What the task asks>
Your task is to copy every line of the entries that holds the word "from".

Exercise input>

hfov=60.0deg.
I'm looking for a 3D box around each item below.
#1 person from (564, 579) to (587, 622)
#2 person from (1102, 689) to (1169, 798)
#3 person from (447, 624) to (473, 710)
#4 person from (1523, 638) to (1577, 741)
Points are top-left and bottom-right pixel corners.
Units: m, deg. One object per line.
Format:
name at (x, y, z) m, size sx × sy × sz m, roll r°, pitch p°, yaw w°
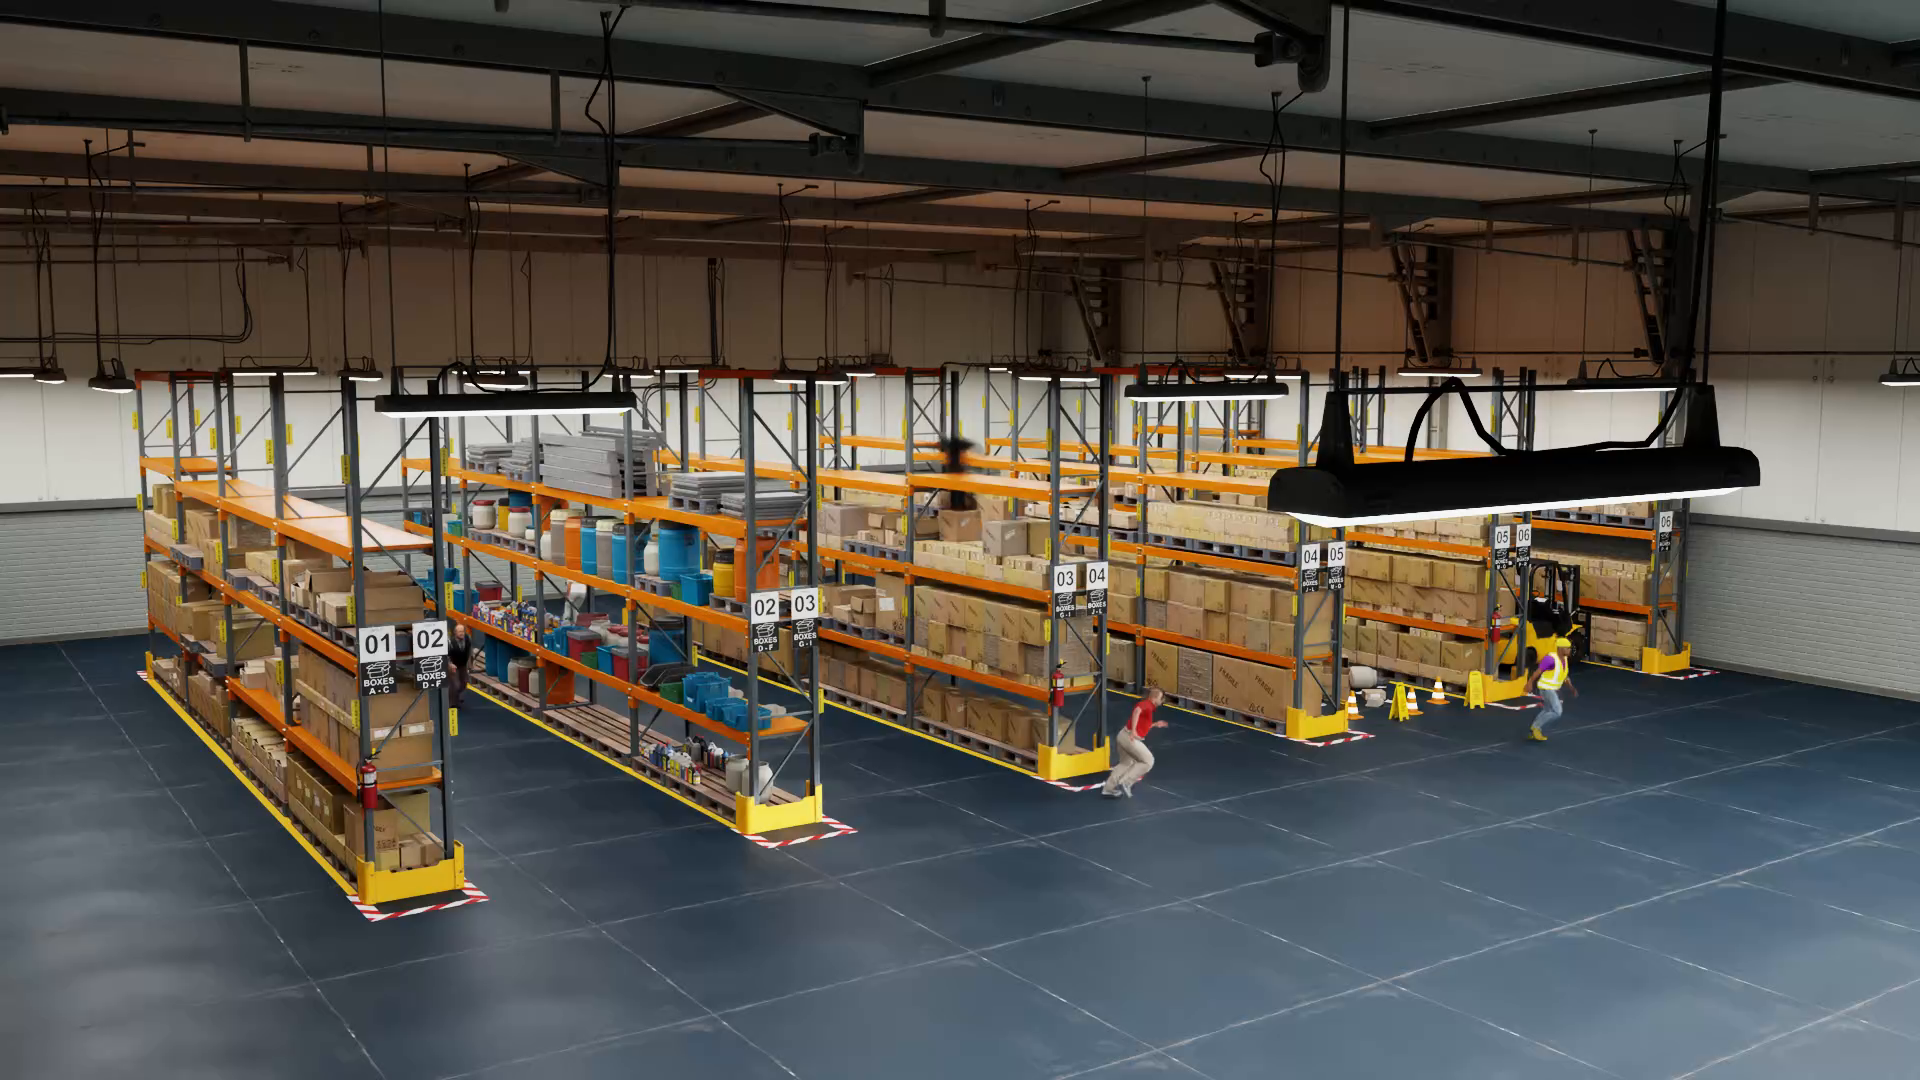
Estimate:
person at (-8.790, 1.267, 37.868) m, size 0.672 × 1.678 × 0.449 m, roll -6°, pitch 9°, yaw -44°
person at (2.504, 2.897, 23.592) m, size 0.963 × 1.577 × 0.699 m, roll -1°, pitch 6°, yaw -5°
person at (-8.936, 2.230, 29.469) m, size 0.870 × 1.574 × 0.678 m, roll 5°, pitch 8°, yaw 39°
person at (9.620, 2.426, 27.059) m, size 0.731 × 1.702 × 0.660 m, roll 5°, pitch 8°, yaw 39°

Answer box>
#1 person from (564, 579) to (587, 622)
#2 person from (1102, 689) to (1169, 798)
#3 person from (447, 624) to (473, 710)
#4 person from (1523, 638) to (1577, 741)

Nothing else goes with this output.